Any possible errors would be printed out.

- Output inside folder should look like this:

```
├─01 - A Formal Japanese Introduction - JapanesePod101 - Dialogue.mp3
├─01 - A Formal Japanese Introduction - JapanesePod101 - Review.mp3
├─01 - A Formal Japanese Introduction - JapanesePod101 - Main Lesson.mp3
├─02 - Which Famous Tokyo Tower is That - JapanesePod101 - Dialogue.mp3
├─02 - Which Famous Tokyo Tower is That - JapanesePod101 - Main Lesson.mp3
├─02 - Which Famous Tokyo Tower is That - JapanesePod101 - Review.mp3
├─03 - Networking in Japan - JapanesePod101 - Dialogue.mp3
├─03 - Networking in Japan - JapanesePod101 - Main Lesson.mp3
├─03 - Networking in Japan - JapanesePod101 - Review.mp3
├─...
```

## :clipboard: Disclaimer and known issues

- Any usage of the script is under user's responsibility only.

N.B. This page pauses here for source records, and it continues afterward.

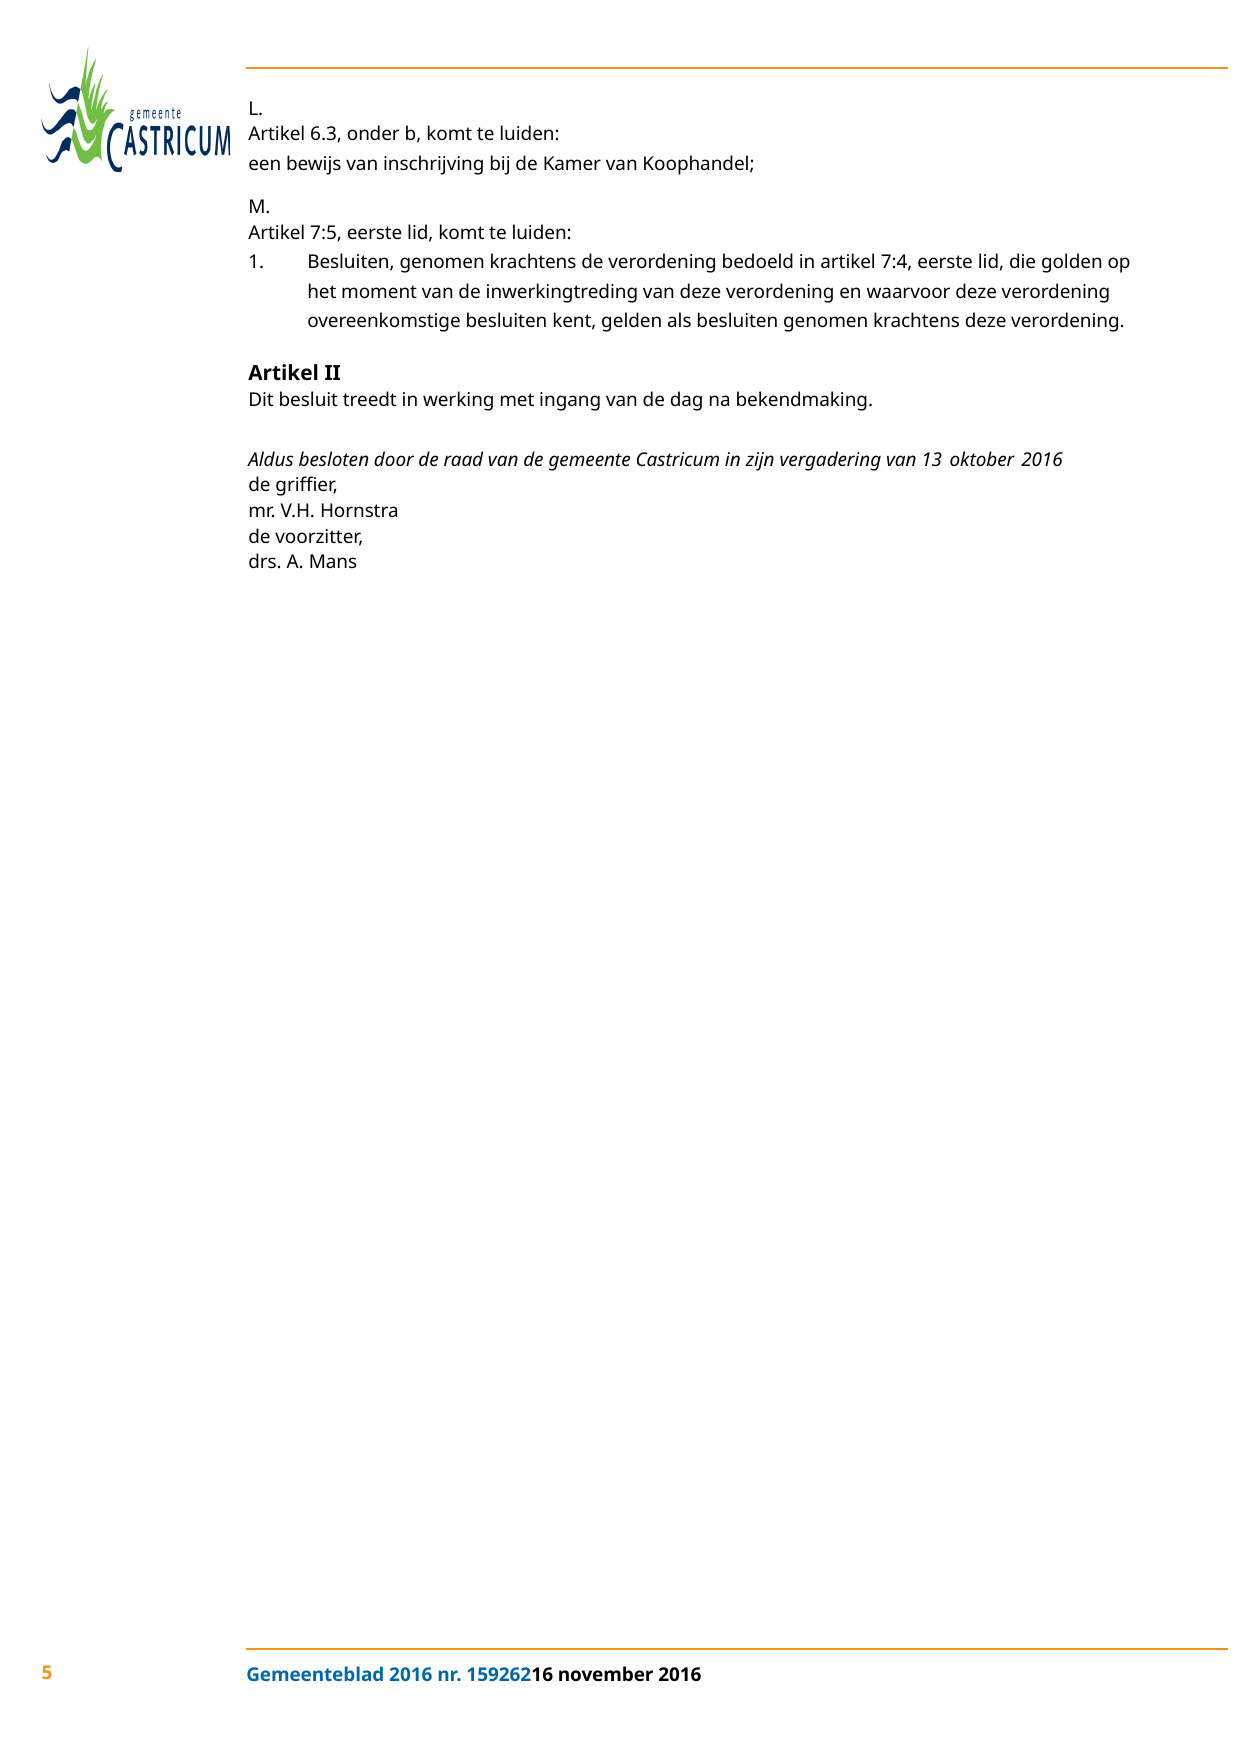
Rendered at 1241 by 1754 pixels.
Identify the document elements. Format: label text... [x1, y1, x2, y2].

list Besluiten, genomen krachtens de verordening bedoeld in artikel 7:4, eerste lid, die golden op het moment van de inwerkingtreding van deze verordening en waarvoor deze verordening overeenkomstige besluiten kent, gelden als besluiten genomen krachtens deze verordening. [248, 248, 1152, 333]
text een bewijs van inschrijving bij de Kamer van Koophandel; [248, 150, 1152, 176]
text de voorzitter, [248, 523, 1152, 549]
text Artikel II [248, 358, 1152, 387]
text Aldus besloten door de raad van de gemeente Castricum in zijn vergadering van 13 oktober 2016 [248, 446, 1152, 471]
text de griffier, [248, 471, 1152, 497]
text drs. A. Mans [248, 549, 1152, 574]
text L. [248, 95, 1152, 121]
text mr. V.H. Hornstra [248, 497, 1152, 523]
picture [41, 47, 231, 172]
text Artikel 6.3, onder b, komt te luiden: [248, 121, 1152, 146]
text Artikel 7:5, eerste lid, komt te luiden: [248, 219, 1152, 245]
text M. [248, 193, 1152, 219]
text Dit besluit treedt in werking met ingang van de dag na bekendmaking. [248, 387, 1152, 412]

Users of the script must act according to site's terms.

- As of today, Innovative Language's terms of use does not forbid usage of crawlers or scrapers on any of their sites.
This may change in the future, so be aware.

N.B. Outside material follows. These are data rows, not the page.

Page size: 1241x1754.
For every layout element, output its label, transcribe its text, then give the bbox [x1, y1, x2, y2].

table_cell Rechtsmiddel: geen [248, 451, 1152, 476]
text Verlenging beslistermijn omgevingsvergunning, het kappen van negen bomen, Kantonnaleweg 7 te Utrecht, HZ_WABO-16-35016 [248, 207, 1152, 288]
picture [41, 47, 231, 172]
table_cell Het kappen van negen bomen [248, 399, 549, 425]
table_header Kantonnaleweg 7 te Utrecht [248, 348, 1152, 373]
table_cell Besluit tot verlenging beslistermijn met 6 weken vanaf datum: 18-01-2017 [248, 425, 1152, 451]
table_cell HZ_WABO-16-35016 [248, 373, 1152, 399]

- If you like the services Innovative Language provides you should consider a monthly subscription. Basic programs start at around $5 per month and include support from native speaker teachers.

- As with all websites, the site's structure may change in the future and thus, as often happens with scraping scripts, deprecate it. It is not really a question of *if* the site's source code will change but rather **when** (so enjoy it while it's still working :grin:).

## :lock: License

All of the content presented in the websites belongs to the original creators (Innovative Language) and I have nothing to do with it.

The license below refers only to the script and not to the downloaded content.

[License - MIT](LICENSE.md)

## :speech_balloon: Status and changelog

- **23.03.2022**:
Added support for basic video downloading (nothing fancy, just m4v and mp4 files)
Added error handling for when a lesson library/lesson contents URL is used instead of the first lesson (user is now warned)
- **11.05.2021**:
Headers and waiting time added, script is alive again.